“You cannot predict the future without having a very stable, validated, reliable view of what happened yesterday,” Jennifer Vanderveldt, CFO of Mammoth Holdings says in the first six minutes of our interview.
That statement sets the tone for our Zoom call. Vanderveldt is former head of strategy, consumer insights and analytics, at craft retailer Michaels, where she created a center of excellence for customer analytics. At Mammoth, which she joined in May of this year, she's heading up the build of an automated data warehouse on the Snowflake data cloud platform. The project involves organizing and structuring disparate data from multiple locations and multiple point-of-sale vendors.
The data comes from all the local car washes (more than 100 to this point) being acquired by Mammoth, a private-equity-owned multi-brand organization. Giving the car wash business scale lets Mammoth centralize procurement, customer service, human resources, and back-office functions.
“Great operations” is the key to driving growth the in the business, said Vanderveldt. “It’s what the customer primarily sees first from us. … A lot of folks don’t know the name of their car wash, they just know they get a clean, shiny, dry car.”
But it’s the data generated by the operations, purchases, and customer behavior that will help guide decisions on where to look for those growth opportunities. Among the topics Vanderveldt and I discussed were the CFO’s role in building a unified source of truth and where the analytics function should sit within a company.
Jennifer Vanderveldt
CFO, Mammoth Holdings
- First CFO position: European Wax Center, 2020
- Notable previous companies:
- Michaels
- Petco
- JP Morgan
This interview has been edited for clarity and length.
VINCENT RYAN: How is your data science team organized?
JENNIFER VANDERVELDT: We’ve used the most cost-efficient approach to building a data and analytics platform, which is a partially offshored model. I brought over a director of data science.

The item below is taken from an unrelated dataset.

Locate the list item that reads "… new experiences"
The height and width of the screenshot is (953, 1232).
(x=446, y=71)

And we use a data analytics shop in India because highly trained data engineers are hard to hire in the United States right now. … I needed someone in the [director chair] who understands data and analytics and who understands the application of all of that to the problems I'm trying to solve as a CFO. The woman in that chair is a data scientist, but she got her MBA in finance and entrepreneurship. So, she thinks about business questions strategically, and then about the right methodology from a data standpoint. The person [in her position] also [has to be able to] manage an outsourced group of highly trained data engineers to do some of the hands-on keyboard work. She’s a purple squirrel.
What will the next quarter of this data analytics project look like?

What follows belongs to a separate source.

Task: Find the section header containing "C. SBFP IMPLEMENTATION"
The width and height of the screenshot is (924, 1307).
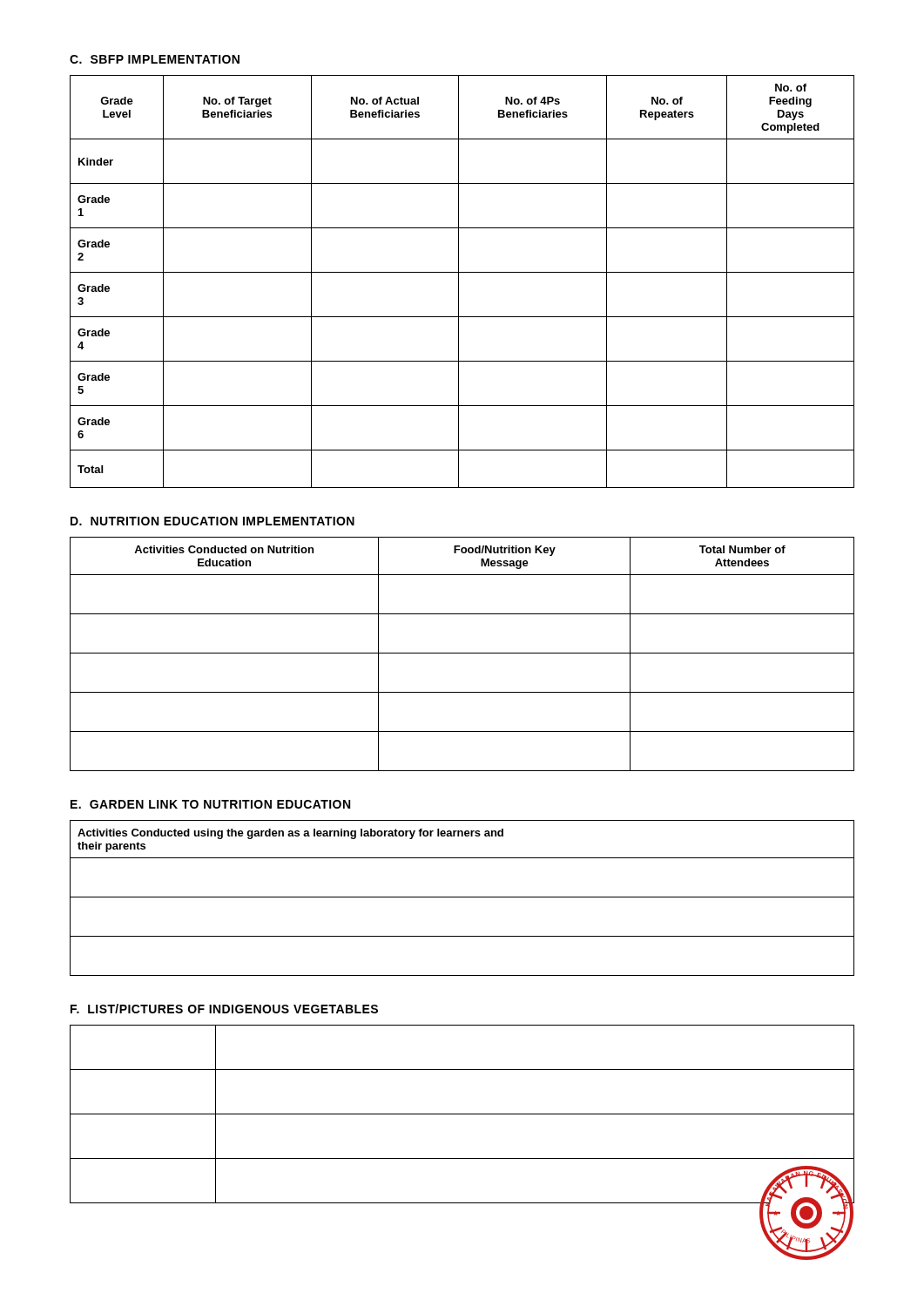Action: [155, 59]

VANDERVELDT: The first major win is when we start having daily sale reports and scorecards [across all the car washes]. I want to empower my chief operating officer Corey Joslin by putting the right data at his fingertips so he can drill down into site-level information on cars run per labor hour — that's a key metric. And I need to provide that data on a daily and even potentially hourly basis.

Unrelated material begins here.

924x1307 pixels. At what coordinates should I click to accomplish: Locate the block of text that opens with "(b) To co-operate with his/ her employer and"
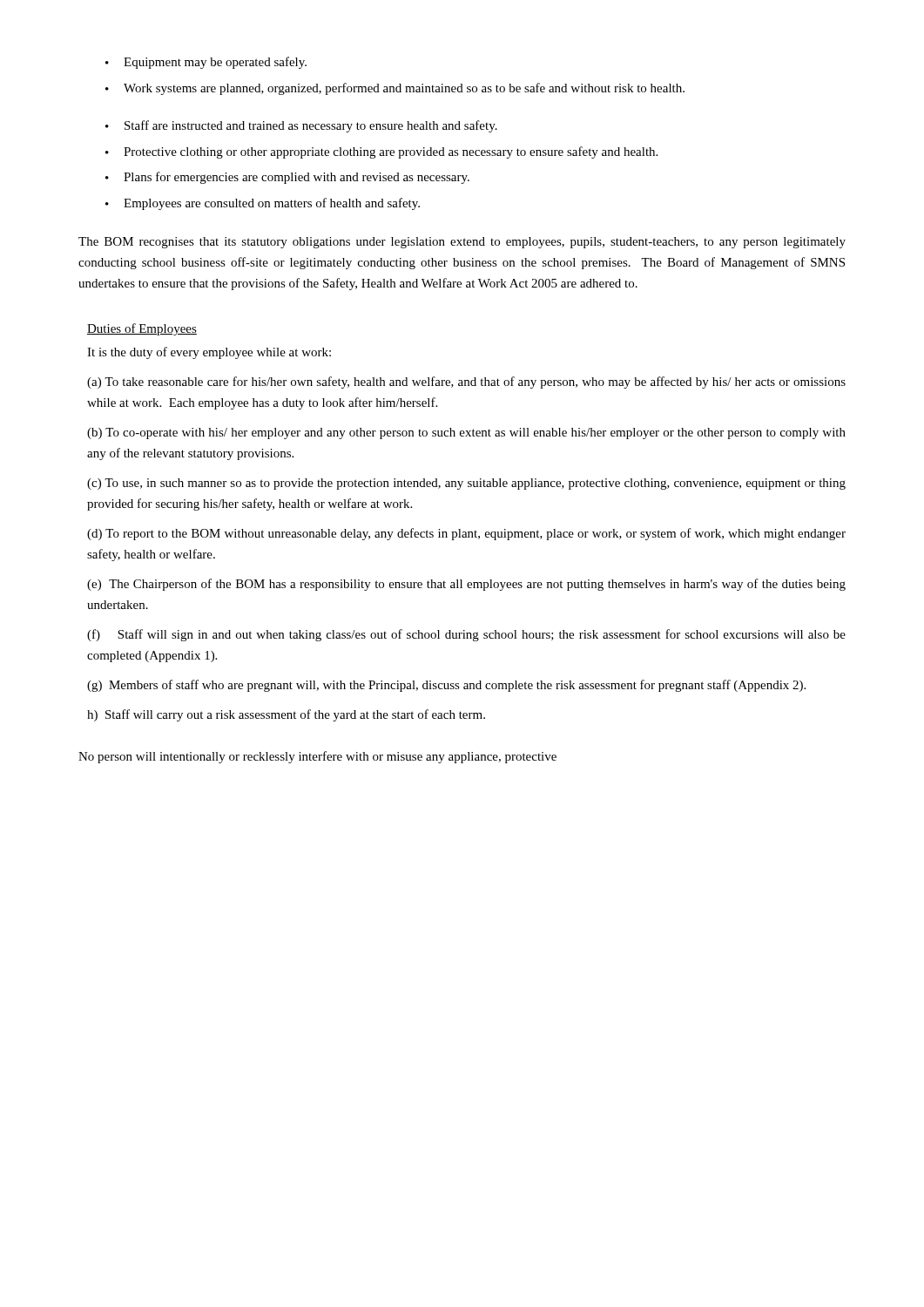point(466,443)

The CFO needs to become a data champion. A data champion wants to understand enough of how the clock must be built such that the clock consistently tells the right time.
If the data structuring has been done correctly, then we can start predicting off of that data. I can drive better efficiency by using the data to build a regression model. And then, in time, have an [artificial intelligence] model that is self-correcting, taking what happened yesterday and modifying a prediction for tomorrow without a lot of human intervention.
By hooking into our cloud-based [human resources information system], we can also determine how much labor at each hour of the day a site manager will need. A dynamic labor model will get us closer to the efficiency frontier of peak labor utilization, which should drive points of margin.
What kind of expertise does a CFO leading such an initiative need?
VANDERVELDT: Exposure to data analytics and intellectual curiosity. A reductionist CFO might say, ‘I just need to know what the answer is.’ Just give them data and a fancy business intelligence tool, and they’re going to trust that it's right.
But the CFO needs to become a data champion. A data champion wants to understand enough of how the clock must be built such that the clock consistently tells the right time. The CFO needs to ask questions like, ‘How is this data being inducted into the database? How is it being extracted out of a source system? What types of transformations or normalizations of that data are being effectuated such that when I want to look at weekly comparable store sales, I know one of my sources of error is not how the data was structured in the database?’ … The CFO needs to be the champion of the right way to do something, not the most expedient way.
Often, consultants advise that the finance department or the CFO should “own” the organization’s data. Do you agree?
VANDERVELDT: I want to make sure that anything I put out there I can defend. I think it is incredibly important for the office of the CFO to own the data [and] own the data stack and data instrumentation. And to own all of the data models, data forecasts, and financial forecasts. They are important to how companies are valued externally.
In younger companies with fewer controls, I think that the IT department, the systems, and the analytics powering data, should roll up to the CFO. … But if I were to hypothesize around C-suite roles 10 to 15 years from now, I think mid-cap and larger companies will have a chief analytics officer. I think that [position] should report directly to the CEO and be completely unbiased by other departments [that may] manipulate data and try to provide vanity metrics. The analytics folks wouldn't own a P&L. They would just give the CEO and the CFO a very unvarnished opinion on what is really driving the business.